Kommentar Soziale Gerechtigkeit in der EU - Alarmzeichen

Was ist eine Studie wert, deren Kernaussage - Kinder und Jugendliche sind die größten Verlierer der europäischen Schuldenkrise - lediglich reflektiert, was uns der gesunde Menschenverstand sagt?

Wer in den letzten Jahren über den nationalen Tellerrand hinausgeschaut hat, weiß um die dramatischen Zahlen etwa zur Jugendarbeitslosigkeit in den Krisenländern Griechenland, Spanien und Portugal. Und dass die seit jeher in Europa bestehende soziale Kluft zwischen Nord und Süd sich in den Jahren der Krise noch verstärkt hat, ist auch nicht überraschend.

Nein, die nackten Zahlen und Daten allein machen diese Studie nicht bemerkenswert. Wichtig ist sie dennoch: Weil sie zu einem Zeitpunkt, in dem die Sicht auf Europa von dem alles überdeckenden Flüchtlingsthema beherrscht wird, in Erinnerung ruft, dass die zentralen Probleme der Union tiefer liegen. Und dass, obwohl diese Probleme seit Jahren bekannt sind, viel zu wenig geschieht, um sie zu überwinden.

Armut und Ausgrenzung, ungleiche Bildungschancen, Generationengerechtigkeit - das, was die Studie unter dem Begriff "soziale Gerechtigkeit" subsumiert, ist nicht "sexy", nicht spektakulär. Aber hier findet sich der Kitt, der nicht nur die einzelnen EU-Staaten, sondern auch das soziale Wesen Europäische Union zusammenhält. Der sie stark macht, Herausforderungen wie die Flüchtlingskrise anzunehmen und sie zu bewältigen, statt darüber in heillosem Streit zu versinken.

Eine Europäische Union, der es nicht gelingt, die Lebenswirklichkeit ihrer Bürger zu verbessern, stellt sich selbst infrage.
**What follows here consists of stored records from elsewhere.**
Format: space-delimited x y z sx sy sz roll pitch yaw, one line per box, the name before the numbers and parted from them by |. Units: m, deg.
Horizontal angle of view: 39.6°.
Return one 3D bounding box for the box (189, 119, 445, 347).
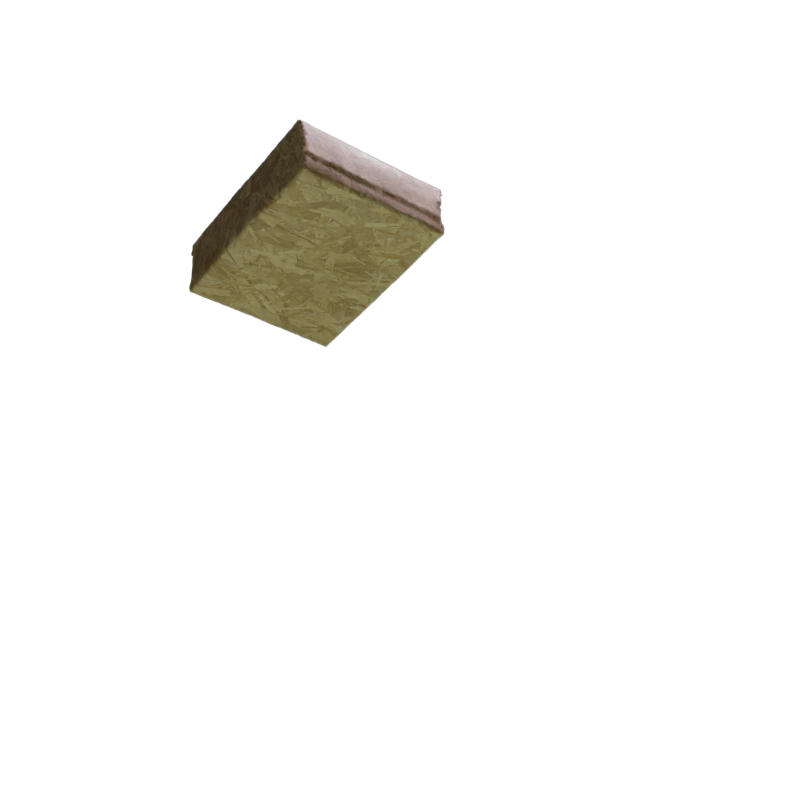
box | -0.046 -0.083 0.583 0.085 0.042 0.111 23 -43 -28
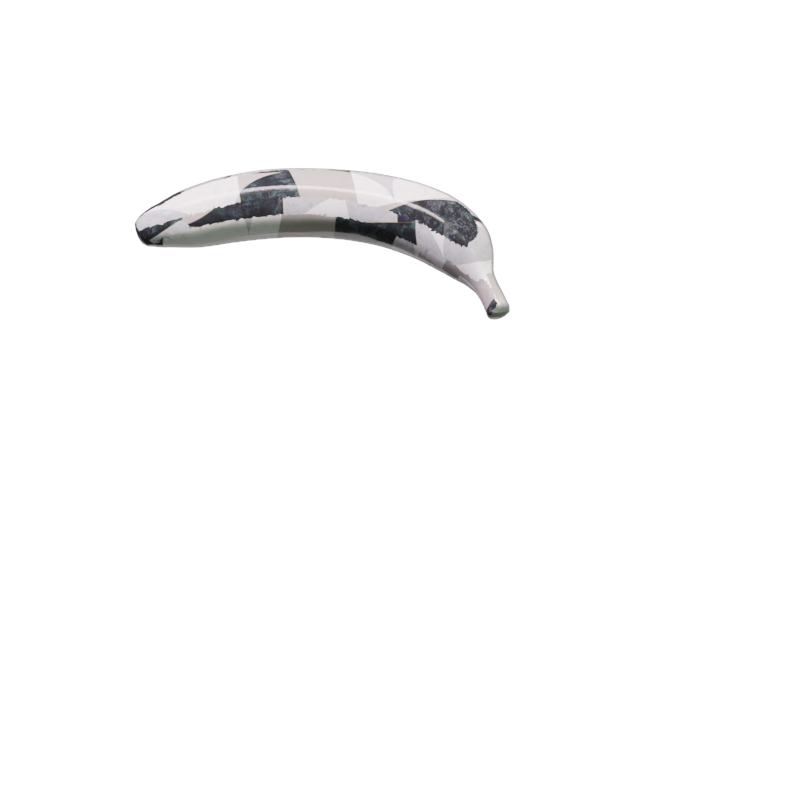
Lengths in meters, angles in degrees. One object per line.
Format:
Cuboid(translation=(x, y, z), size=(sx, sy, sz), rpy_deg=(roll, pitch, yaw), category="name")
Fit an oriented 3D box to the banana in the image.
Cuboid(translation=(-0.036, -0.093, 0.578), size=(0.202, 0.034, 0.073), rpy_deg=(11, 44, 12), category="banana")
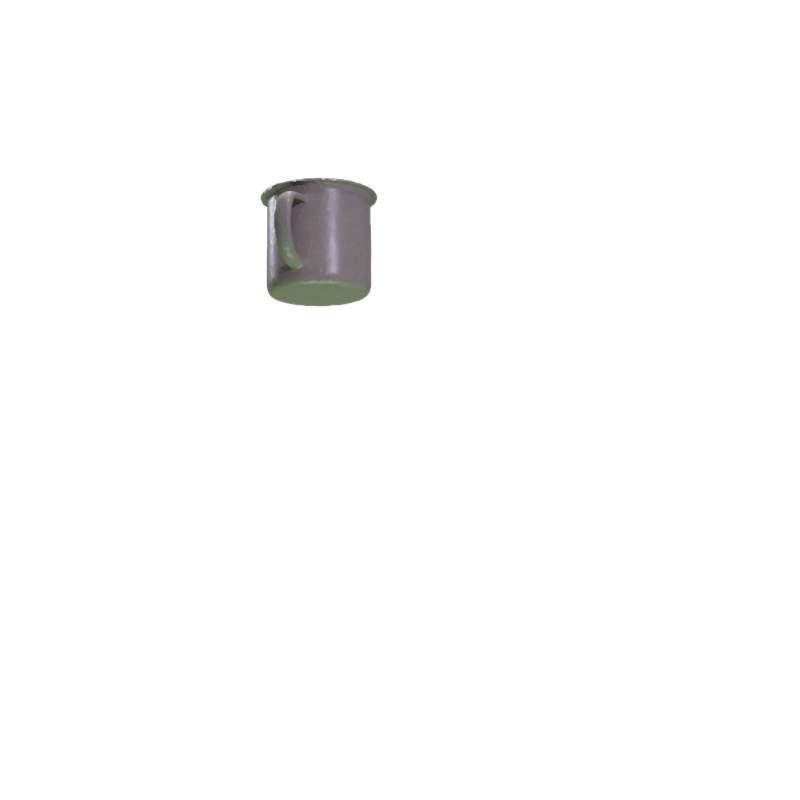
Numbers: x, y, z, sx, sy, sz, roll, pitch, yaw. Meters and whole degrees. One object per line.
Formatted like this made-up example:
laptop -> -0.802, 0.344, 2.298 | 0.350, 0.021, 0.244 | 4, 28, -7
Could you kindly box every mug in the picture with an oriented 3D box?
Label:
mug -> -0.067, -0.123, 0.860 | 0.095, 0.084, 0.111 | -5, -12, 18
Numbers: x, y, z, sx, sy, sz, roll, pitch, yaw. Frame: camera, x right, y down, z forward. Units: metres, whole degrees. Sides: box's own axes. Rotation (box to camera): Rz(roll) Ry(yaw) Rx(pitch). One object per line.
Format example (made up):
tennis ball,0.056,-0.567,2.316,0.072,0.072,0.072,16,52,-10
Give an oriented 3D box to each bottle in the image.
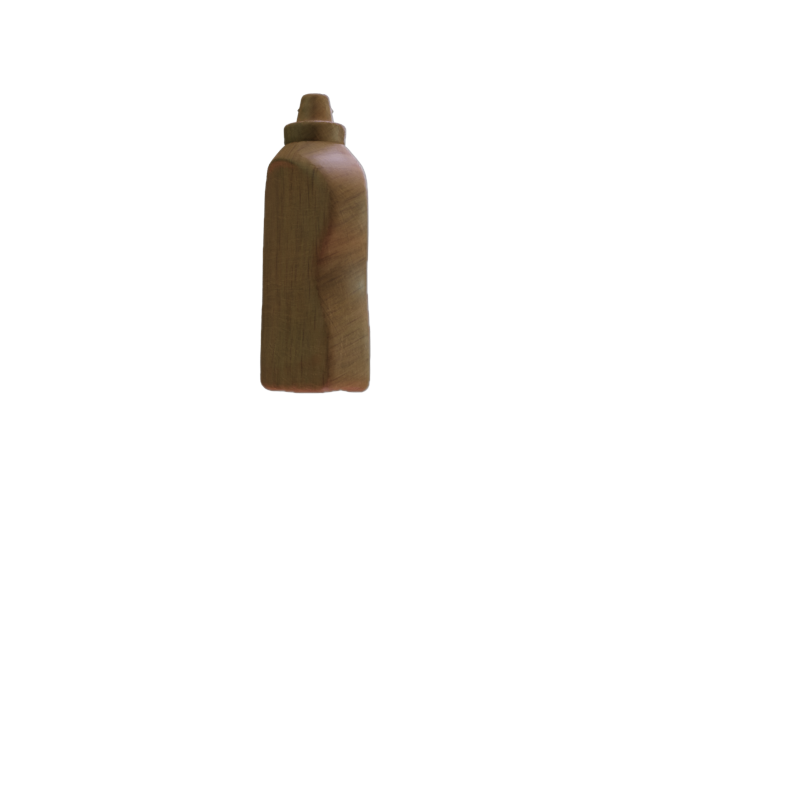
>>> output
bottle,-0.056,-0.102,0.715,0.056,0.194,0.098,2,-5,-28
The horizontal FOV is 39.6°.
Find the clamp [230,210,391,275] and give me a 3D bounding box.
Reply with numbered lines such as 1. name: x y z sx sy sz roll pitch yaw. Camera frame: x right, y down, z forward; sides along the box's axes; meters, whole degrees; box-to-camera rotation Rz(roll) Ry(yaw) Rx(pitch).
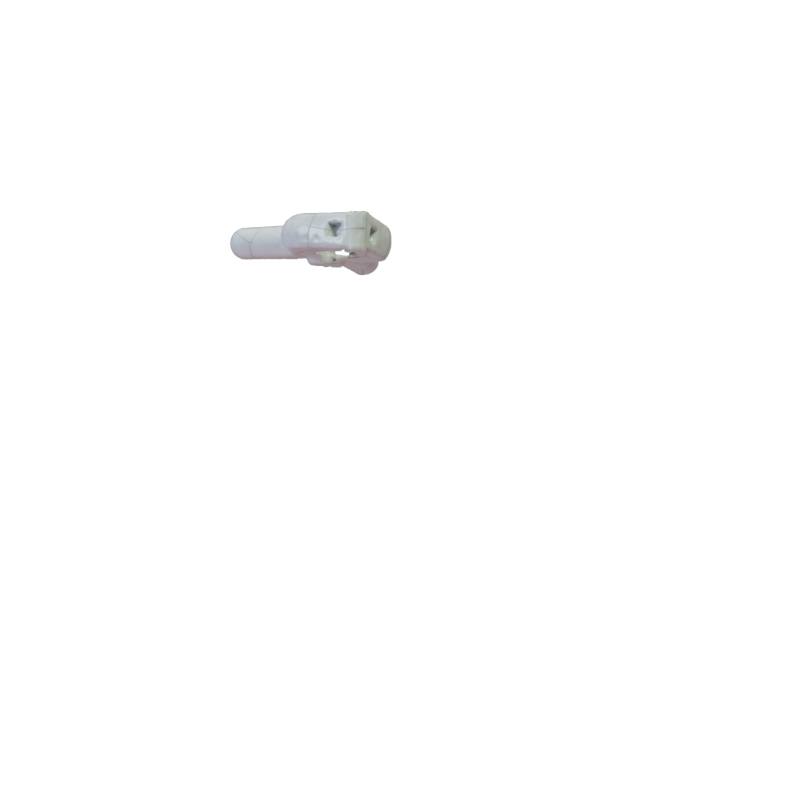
1. clamp: -0.064 -0.117 0.820 0.119 0.040 0.171 0 -2 -9
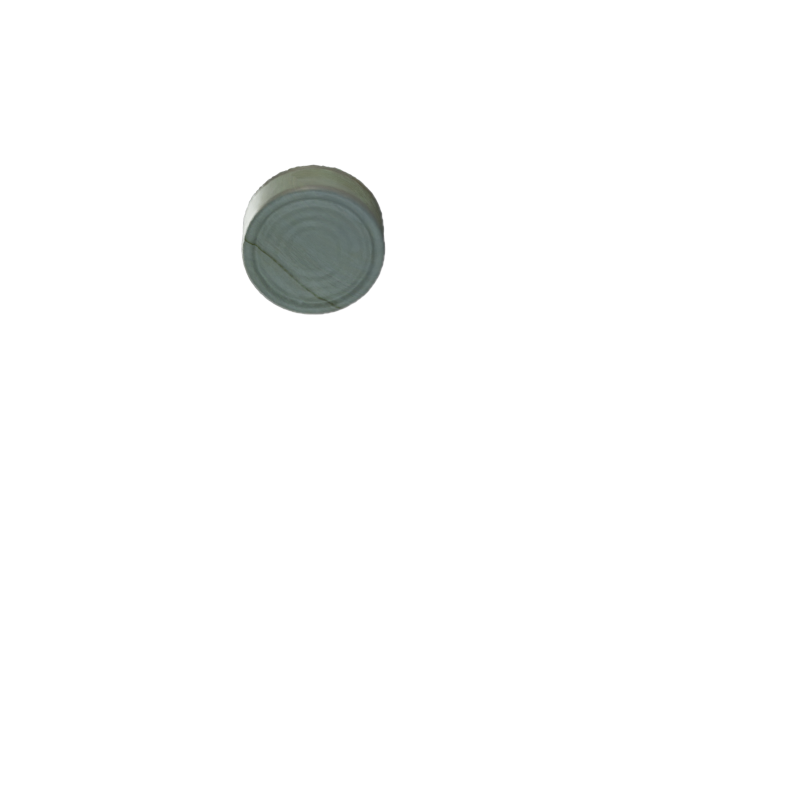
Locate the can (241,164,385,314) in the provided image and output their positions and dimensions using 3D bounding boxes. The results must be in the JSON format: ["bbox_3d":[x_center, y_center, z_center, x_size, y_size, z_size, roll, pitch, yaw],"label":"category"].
[{"bbox_3d":[-0.052,-0.094,0.659,0.086,0.081,0.036,1,29,-1],"label":"can"}]
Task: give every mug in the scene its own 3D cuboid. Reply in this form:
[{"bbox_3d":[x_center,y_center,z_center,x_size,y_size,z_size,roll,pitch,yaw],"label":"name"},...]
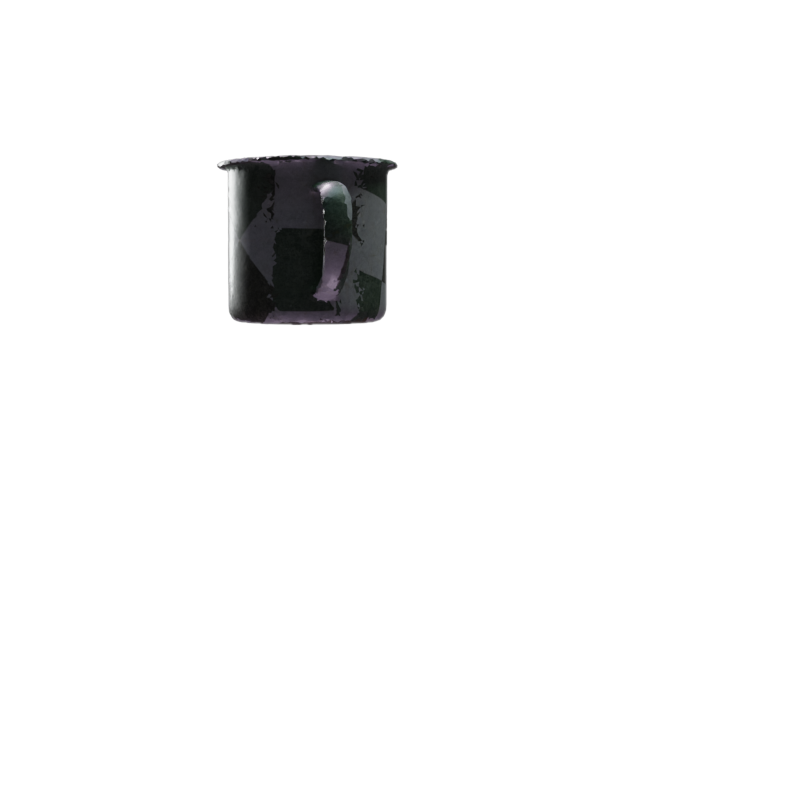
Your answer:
[{"bbox_3d":[-0.044,-0.080,0.559,0.091,0.081,0.120,-1,4,-18],"label":"mug"}]
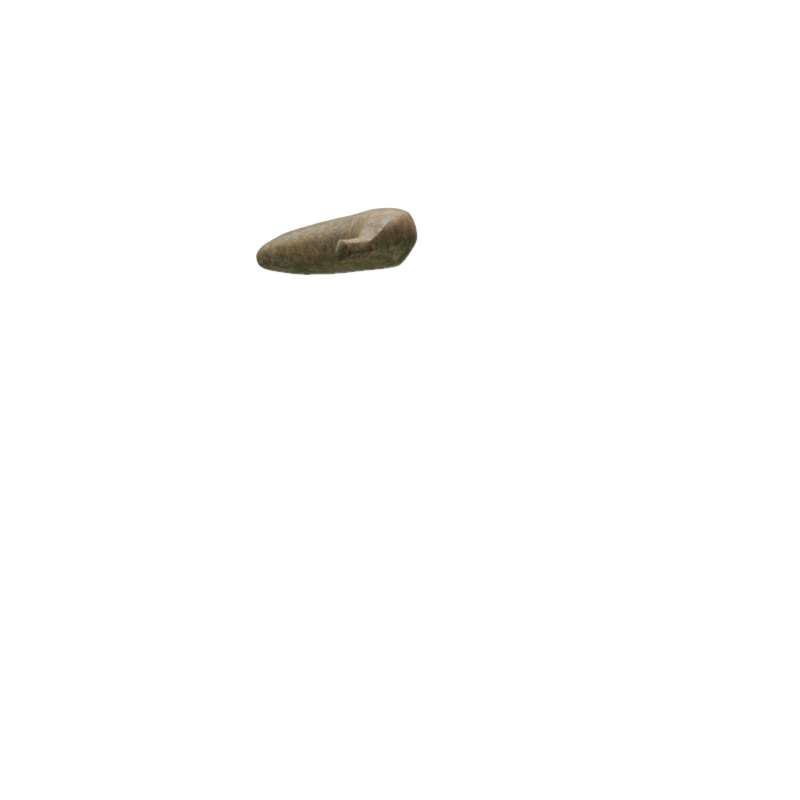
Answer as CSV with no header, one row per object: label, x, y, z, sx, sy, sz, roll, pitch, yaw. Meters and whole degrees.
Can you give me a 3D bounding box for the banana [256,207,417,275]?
banana,-0.036,-0.100,0.698,0.068,0.037,0.202,-1,4,-20
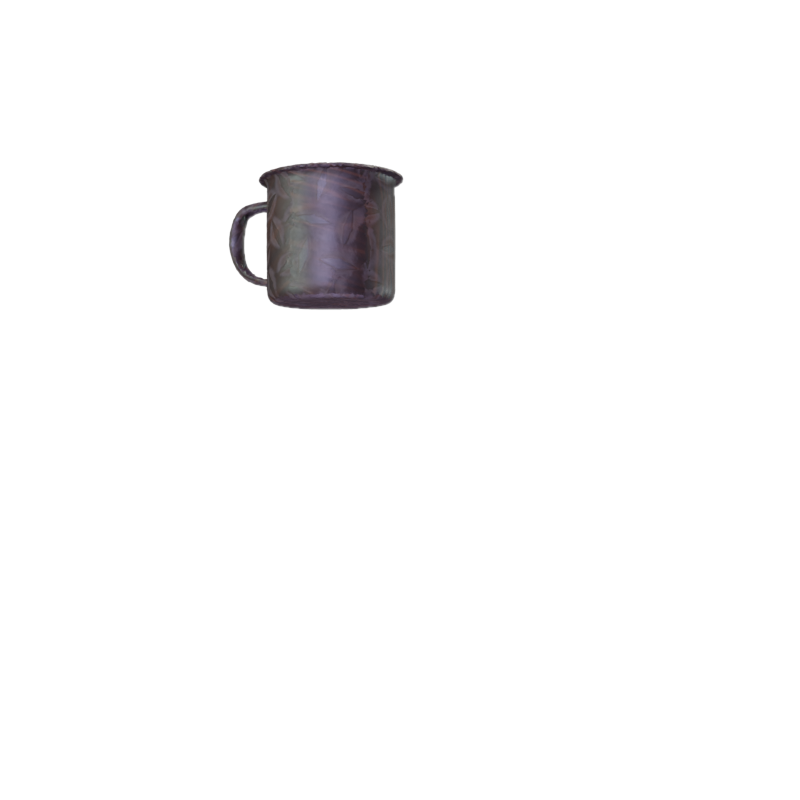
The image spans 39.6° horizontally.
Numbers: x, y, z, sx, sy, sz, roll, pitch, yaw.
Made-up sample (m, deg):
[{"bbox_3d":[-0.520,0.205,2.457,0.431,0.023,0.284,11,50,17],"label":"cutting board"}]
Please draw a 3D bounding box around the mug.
[{"bbox_3d":[-0.056,-0.101,0.710,0.120,0.083,0.090,-1,-5,17],"label":"mug"}]
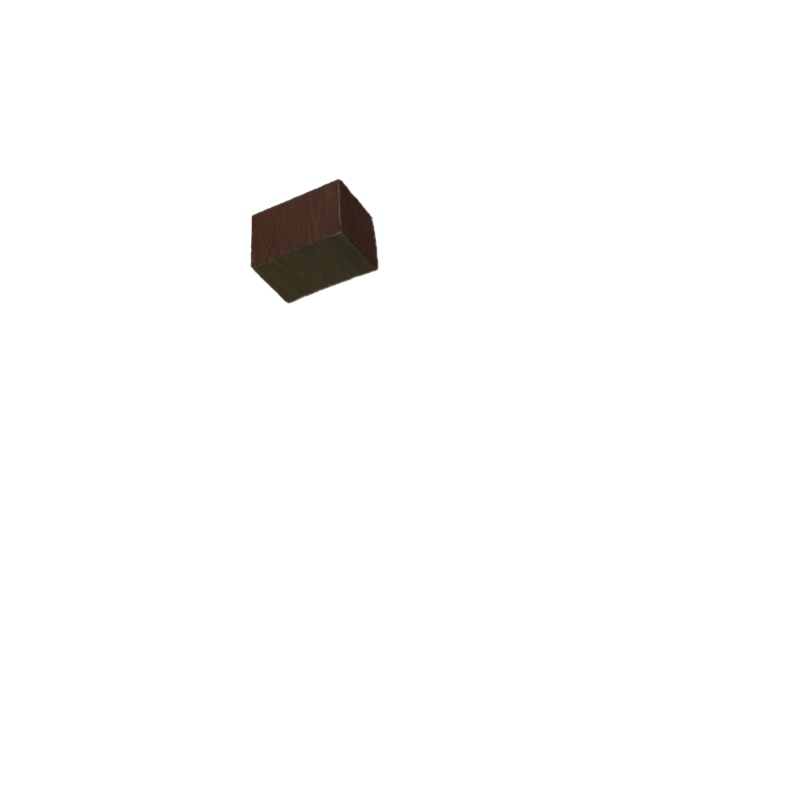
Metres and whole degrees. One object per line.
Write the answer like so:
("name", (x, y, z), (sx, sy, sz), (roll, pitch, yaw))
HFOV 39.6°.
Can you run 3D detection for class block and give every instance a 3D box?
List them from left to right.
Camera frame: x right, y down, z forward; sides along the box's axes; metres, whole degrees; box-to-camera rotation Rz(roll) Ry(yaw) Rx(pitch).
("block", (-0.062, -0.114, 0.798), (0.079, 0.055, 0.049), (-18, -39, 22))
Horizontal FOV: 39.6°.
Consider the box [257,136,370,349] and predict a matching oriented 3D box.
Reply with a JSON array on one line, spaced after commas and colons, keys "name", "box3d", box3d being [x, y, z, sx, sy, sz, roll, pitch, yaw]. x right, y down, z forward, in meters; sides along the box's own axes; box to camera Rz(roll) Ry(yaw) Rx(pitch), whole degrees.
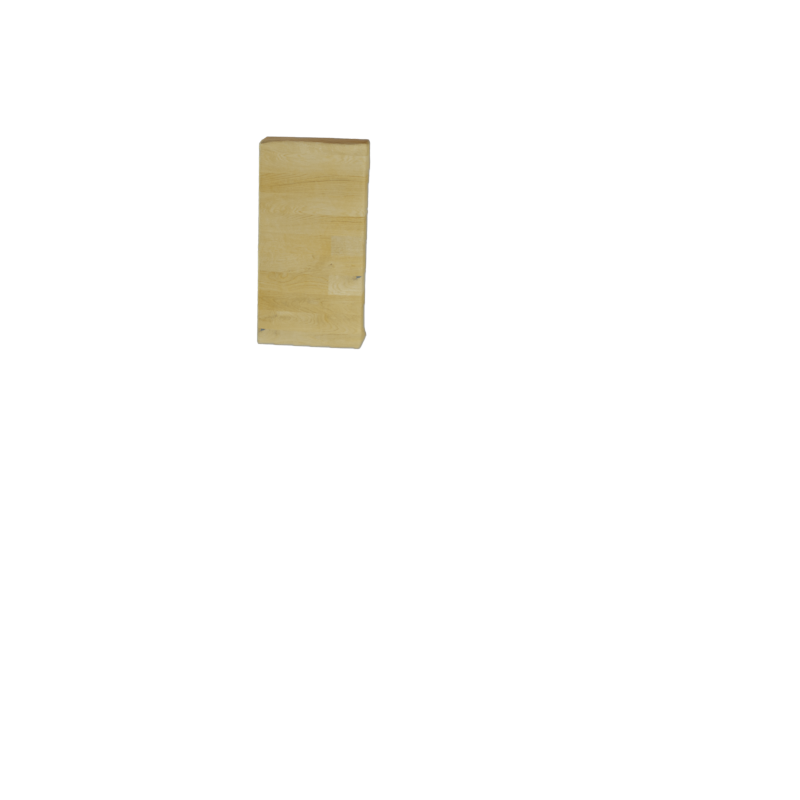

Deshalb ist der Kernbefund der Studie ein gellendes Alarmzeichen: Dass fast 30 Prozent der unter 18-Jährigen in Europa - rund 26 Millionen Kinder und Jugendliche - von Armut und sozialer Ausgrenzung bedroht sind, ist nicht hinnehmbar.

Wo sind die Konsequenzen aus dem Ruf "Kinder sind unsere Zukunft"? Wie soll die europäischen Zukunft gestaltet werden, wenn 17,8 Prozent der EU-Bürger zwischen 20 und 24 Jahren weder eine Beschäftigung haben noch in Ausbildung sind? Wie soll gesellschaftlicher Zusammenhalt wachsen, wenn die Kluft zwischen Jung und Alt wächst, weil die Lasten der Krise vor allem die Jungen tragen müssen?

Obwohl der Tiefpunkt der ökonomischen Krise in Europa überwunden scheint, bleibt die Wende in Sachen sozialer Gerechtigkeit aus. Und es drängt sich die Frage auf, ob eine Austeritätspolitik, die Investitionen in Bildung, soziale Infrastruktur und Arbeitsmarktförderung abwürgt, überhaupt geeignet ist, dies zu erreichen.

Die Studie skizziert einen Teufelskreis: geringe Bildungschancen, weniger Aussichten am Arbeitsmarkt, weniger Einkommen, weniger Investitionen in die Bildung der Kinder. Nicht nur die Wirtschaft muss gesunden, auch dieser Teufelskreis muss endlich durchbrochen werden.